▸ **Stored records**:
:::::

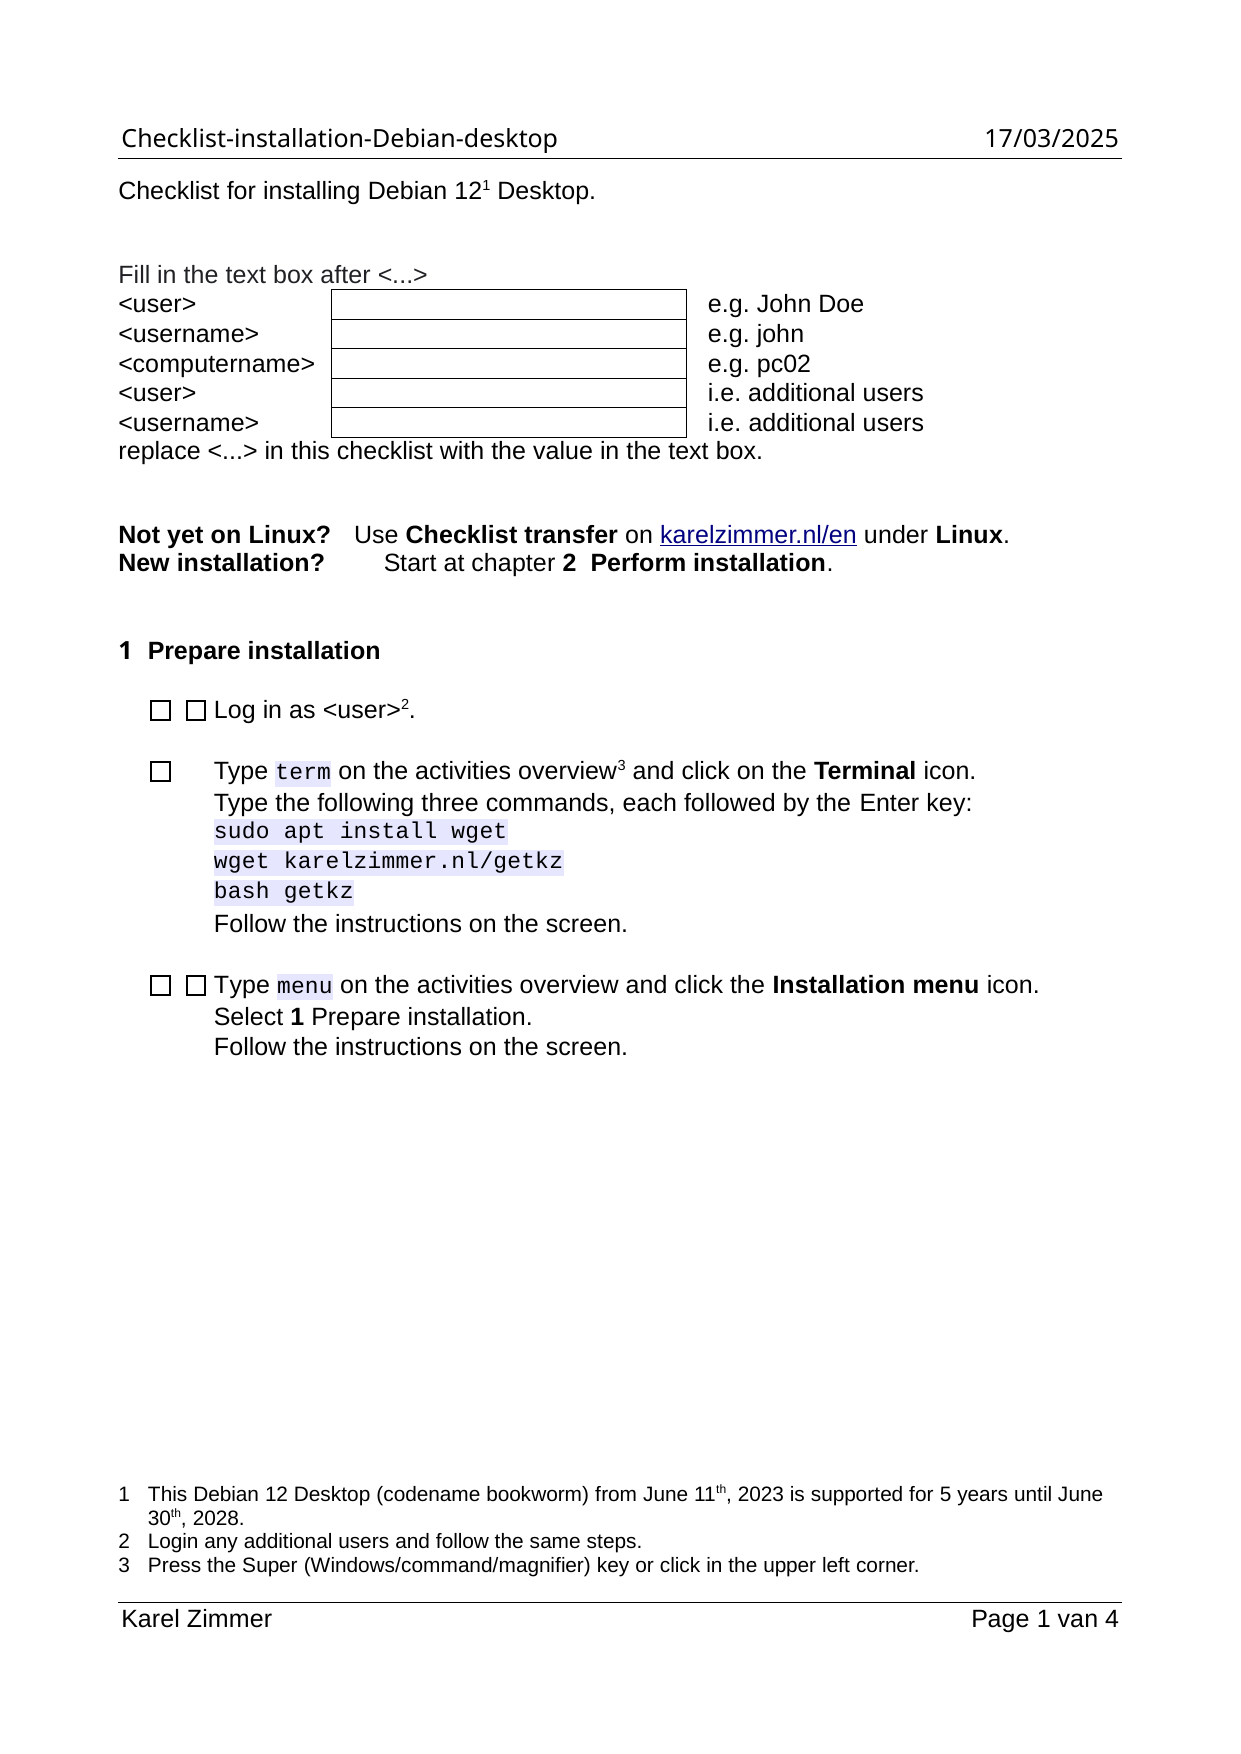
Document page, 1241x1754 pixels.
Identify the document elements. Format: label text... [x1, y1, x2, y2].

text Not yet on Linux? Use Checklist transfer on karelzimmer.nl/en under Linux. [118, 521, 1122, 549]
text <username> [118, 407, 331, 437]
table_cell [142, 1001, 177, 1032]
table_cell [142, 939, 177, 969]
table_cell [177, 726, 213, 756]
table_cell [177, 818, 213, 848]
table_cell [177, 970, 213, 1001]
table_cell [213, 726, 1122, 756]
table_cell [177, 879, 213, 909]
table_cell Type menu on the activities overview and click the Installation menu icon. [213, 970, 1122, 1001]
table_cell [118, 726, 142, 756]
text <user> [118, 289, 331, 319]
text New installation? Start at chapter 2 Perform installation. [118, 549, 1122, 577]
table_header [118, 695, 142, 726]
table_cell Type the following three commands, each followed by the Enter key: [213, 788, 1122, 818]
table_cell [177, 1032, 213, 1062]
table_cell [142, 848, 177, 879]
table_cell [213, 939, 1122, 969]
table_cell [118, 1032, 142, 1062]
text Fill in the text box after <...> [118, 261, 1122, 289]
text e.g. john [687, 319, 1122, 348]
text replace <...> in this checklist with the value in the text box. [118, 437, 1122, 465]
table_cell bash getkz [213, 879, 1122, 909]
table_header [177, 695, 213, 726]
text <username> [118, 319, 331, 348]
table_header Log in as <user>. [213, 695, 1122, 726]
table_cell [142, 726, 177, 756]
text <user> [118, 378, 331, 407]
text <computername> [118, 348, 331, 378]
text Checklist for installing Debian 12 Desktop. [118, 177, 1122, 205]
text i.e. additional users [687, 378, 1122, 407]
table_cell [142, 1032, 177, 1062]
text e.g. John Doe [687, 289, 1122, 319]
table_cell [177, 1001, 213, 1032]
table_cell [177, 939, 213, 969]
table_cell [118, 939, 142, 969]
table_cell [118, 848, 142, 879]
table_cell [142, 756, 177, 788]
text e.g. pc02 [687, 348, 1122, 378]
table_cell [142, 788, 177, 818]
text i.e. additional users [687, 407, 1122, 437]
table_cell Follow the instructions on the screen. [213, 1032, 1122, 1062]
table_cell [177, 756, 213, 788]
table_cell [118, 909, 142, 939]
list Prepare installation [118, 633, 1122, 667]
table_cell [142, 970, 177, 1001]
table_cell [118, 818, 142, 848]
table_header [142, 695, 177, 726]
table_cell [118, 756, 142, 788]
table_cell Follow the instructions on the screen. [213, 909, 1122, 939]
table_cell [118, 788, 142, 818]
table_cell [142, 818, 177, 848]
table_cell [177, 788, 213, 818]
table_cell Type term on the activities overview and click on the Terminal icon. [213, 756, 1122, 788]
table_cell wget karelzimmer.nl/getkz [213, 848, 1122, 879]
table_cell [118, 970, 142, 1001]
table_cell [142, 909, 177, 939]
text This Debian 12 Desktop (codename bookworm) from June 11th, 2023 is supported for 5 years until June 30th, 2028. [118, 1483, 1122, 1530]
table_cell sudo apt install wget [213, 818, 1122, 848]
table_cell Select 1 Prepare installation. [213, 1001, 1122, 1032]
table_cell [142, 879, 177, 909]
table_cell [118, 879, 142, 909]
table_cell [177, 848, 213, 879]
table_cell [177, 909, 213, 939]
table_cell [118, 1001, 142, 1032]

:::::

▸ **TRY IT**: Whenever a line above includes "users", copy it in full.

▸ **COMPLETED TASK**:
text i.e. additional users [687, 378, 1122, 407]
text i.e. additional users [687, 407, 1122, 437]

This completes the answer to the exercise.